→ WHAT IS REQUIRED
From the listing below, copy each line that holds "width".

• • • •

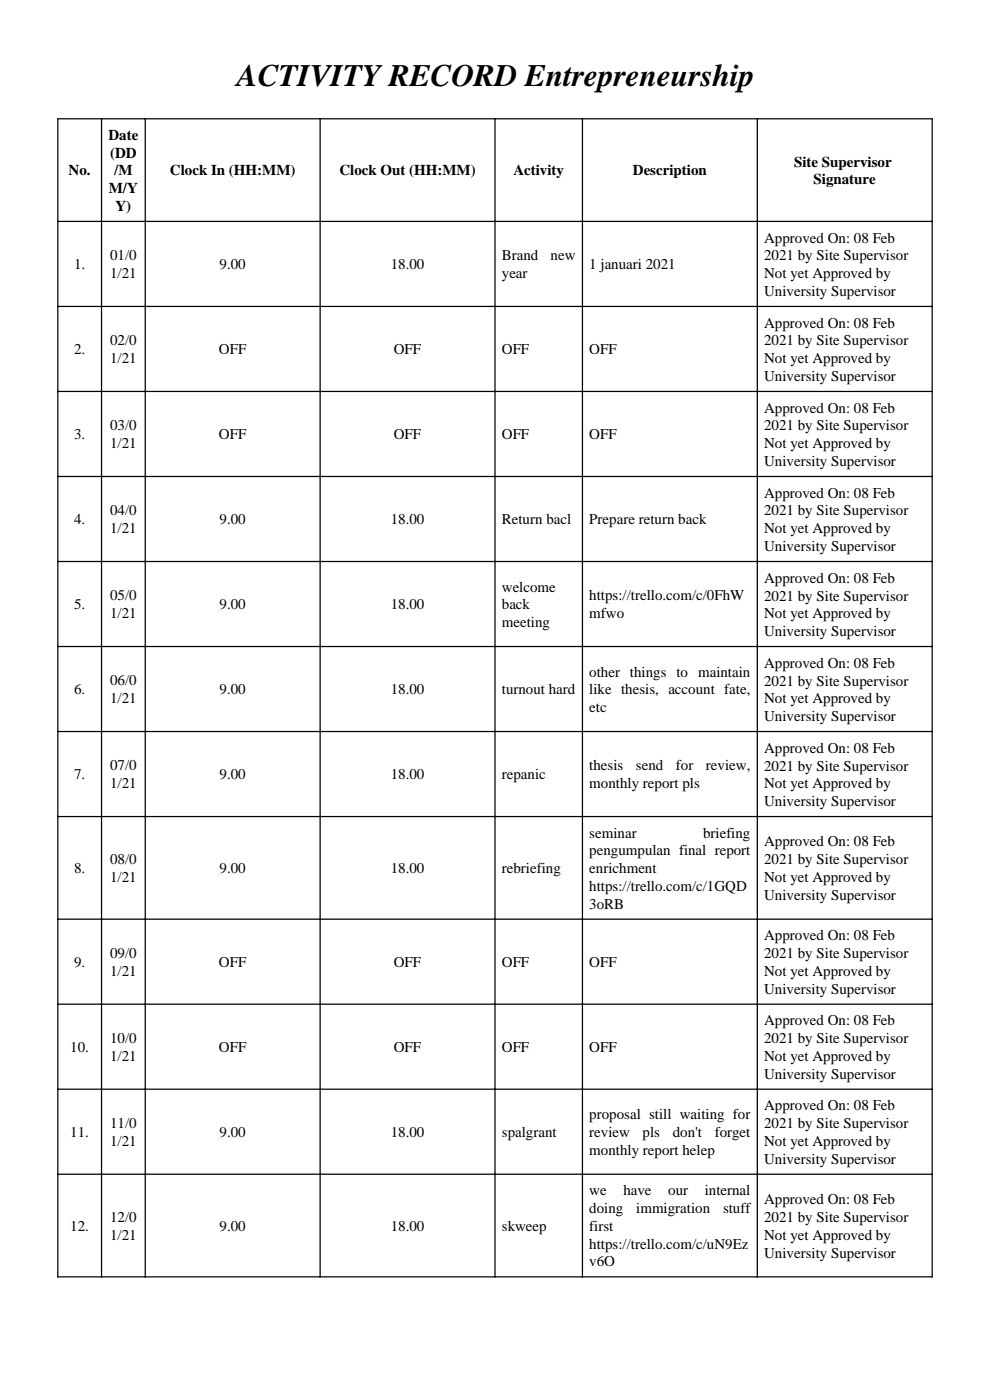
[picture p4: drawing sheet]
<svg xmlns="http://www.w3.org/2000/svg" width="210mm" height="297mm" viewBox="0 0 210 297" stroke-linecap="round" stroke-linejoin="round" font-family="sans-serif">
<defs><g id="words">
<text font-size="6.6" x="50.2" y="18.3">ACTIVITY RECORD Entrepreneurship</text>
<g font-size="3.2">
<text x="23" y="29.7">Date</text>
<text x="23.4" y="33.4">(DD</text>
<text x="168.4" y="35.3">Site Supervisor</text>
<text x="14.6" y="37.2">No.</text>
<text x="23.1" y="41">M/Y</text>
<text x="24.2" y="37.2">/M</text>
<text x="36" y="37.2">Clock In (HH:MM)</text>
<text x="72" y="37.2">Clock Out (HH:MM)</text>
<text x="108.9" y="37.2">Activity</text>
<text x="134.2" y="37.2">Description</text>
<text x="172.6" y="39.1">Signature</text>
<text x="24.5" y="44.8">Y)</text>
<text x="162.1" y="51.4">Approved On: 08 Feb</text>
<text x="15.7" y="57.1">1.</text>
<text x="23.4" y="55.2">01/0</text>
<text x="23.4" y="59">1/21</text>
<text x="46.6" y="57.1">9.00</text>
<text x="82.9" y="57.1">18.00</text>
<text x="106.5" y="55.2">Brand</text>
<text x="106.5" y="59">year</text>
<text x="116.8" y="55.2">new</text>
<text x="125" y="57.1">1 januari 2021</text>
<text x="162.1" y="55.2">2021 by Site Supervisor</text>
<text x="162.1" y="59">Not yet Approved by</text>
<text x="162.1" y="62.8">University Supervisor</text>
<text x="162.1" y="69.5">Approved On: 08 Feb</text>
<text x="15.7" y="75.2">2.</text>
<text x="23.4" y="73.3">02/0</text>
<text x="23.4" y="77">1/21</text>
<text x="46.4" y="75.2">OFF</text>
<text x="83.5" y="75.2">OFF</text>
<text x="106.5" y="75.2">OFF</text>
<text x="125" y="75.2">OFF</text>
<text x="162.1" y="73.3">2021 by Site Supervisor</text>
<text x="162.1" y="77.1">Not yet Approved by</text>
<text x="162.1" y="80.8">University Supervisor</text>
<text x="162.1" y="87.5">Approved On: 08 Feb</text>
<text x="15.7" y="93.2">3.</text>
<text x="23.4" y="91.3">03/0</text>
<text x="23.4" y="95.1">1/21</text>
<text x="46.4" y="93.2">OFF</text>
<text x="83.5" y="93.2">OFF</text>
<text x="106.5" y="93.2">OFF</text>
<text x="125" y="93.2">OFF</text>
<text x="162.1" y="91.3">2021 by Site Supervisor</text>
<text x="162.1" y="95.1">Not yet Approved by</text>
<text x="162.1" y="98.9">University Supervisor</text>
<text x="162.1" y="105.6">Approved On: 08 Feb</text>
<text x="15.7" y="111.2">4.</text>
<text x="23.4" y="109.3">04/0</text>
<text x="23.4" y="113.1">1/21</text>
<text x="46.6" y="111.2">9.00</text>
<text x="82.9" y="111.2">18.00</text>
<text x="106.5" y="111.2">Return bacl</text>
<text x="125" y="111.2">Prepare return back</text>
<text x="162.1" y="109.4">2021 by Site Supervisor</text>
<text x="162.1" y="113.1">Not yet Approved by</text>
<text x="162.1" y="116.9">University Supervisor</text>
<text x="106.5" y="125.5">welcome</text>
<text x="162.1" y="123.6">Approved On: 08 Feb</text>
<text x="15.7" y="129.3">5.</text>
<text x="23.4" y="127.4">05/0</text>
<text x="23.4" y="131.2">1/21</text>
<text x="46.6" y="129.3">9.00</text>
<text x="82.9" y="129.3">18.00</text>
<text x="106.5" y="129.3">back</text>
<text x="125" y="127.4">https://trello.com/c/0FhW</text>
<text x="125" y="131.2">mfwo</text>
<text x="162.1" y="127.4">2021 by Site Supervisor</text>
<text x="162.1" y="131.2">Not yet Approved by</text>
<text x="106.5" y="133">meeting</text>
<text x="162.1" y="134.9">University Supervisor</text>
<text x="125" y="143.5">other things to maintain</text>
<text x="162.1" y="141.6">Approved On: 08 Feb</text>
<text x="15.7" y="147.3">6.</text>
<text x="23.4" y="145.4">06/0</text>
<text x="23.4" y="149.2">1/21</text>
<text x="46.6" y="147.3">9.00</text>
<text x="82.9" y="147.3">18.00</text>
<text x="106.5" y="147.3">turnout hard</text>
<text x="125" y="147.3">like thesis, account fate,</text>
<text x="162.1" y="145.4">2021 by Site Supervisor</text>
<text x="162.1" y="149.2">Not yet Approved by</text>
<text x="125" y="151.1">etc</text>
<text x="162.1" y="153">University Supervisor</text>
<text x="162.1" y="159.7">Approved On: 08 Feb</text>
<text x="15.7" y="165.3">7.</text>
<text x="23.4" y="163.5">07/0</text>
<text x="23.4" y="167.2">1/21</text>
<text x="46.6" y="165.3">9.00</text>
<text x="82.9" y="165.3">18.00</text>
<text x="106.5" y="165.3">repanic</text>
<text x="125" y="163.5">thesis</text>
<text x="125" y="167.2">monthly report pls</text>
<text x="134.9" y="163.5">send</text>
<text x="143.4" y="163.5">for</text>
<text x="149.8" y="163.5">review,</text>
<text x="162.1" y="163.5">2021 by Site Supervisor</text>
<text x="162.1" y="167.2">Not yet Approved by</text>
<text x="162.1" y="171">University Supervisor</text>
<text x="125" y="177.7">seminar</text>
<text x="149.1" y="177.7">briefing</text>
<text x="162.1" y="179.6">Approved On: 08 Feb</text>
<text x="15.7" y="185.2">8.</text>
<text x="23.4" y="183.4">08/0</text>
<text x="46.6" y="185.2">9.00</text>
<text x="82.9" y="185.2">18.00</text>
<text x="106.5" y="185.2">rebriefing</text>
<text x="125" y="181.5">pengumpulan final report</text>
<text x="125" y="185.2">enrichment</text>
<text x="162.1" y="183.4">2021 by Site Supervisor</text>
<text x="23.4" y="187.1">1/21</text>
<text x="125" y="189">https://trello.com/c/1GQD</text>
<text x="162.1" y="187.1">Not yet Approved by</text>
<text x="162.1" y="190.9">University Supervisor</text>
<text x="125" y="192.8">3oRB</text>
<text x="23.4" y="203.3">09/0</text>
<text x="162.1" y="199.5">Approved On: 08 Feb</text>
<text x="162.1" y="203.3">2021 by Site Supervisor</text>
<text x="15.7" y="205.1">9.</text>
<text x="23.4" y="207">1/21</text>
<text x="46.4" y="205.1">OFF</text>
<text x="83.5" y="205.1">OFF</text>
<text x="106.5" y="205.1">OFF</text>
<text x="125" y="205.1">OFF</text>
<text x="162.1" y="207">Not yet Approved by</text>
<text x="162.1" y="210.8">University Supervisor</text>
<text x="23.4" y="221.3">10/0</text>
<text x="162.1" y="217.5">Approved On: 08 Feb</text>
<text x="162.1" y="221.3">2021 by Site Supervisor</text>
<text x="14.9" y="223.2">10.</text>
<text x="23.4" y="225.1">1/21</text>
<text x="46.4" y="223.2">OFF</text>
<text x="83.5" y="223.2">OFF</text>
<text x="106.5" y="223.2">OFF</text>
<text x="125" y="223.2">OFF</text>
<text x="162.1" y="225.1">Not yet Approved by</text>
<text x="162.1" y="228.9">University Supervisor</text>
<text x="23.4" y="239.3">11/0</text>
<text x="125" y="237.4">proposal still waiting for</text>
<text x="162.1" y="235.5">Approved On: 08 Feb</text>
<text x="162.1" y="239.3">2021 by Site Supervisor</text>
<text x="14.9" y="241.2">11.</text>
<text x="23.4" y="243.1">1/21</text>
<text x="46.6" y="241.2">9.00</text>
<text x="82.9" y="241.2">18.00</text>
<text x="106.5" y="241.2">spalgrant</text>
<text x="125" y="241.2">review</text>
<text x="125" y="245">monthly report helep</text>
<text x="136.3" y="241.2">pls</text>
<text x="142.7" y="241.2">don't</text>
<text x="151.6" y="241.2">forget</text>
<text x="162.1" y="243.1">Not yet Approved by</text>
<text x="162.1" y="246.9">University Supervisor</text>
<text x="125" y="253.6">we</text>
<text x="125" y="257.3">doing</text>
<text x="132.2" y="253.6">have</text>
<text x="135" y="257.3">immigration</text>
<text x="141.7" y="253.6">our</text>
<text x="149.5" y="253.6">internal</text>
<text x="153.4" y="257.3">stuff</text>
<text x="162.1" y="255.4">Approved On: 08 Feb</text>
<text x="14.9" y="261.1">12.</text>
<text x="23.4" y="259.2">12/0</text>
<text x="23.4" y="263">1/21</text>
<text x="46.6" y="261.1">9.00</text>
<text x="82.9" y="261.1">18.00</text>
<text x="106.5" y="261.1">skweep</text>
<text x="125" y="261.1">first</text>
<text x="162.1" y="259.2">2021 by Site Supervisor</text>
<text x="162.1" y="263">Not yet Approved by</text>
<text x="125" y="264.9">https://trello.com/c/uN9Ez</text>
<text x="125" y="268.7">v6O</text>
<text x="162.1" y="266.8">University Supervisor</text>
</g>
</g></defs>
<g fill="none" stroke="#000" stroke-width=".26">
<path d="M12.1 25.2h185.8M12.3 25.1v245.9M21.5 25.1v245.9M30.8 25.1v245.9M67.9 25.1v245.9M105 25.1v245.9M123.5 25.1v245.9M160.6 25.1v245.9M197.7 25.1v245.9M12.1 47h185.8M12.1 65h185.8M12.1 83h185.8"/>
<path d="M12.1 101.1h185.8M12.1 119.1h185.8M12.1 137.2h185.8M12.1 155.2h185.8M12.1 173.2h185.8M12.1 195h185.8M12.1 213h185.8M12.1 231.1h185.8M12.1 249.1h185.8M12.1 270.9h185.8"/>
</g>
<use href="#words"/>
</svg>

• • • •

→ TASK SOLUTION
<svg xmlns="http://www.w3.org/2000/svg" width="210mm" height="297mm" viewBox="0 0 210 297" stroke-linecap="round" stroke-linejoin="round" font-family="sans-serif">
<g fill="none" stroke="#000" stroke-width=".26">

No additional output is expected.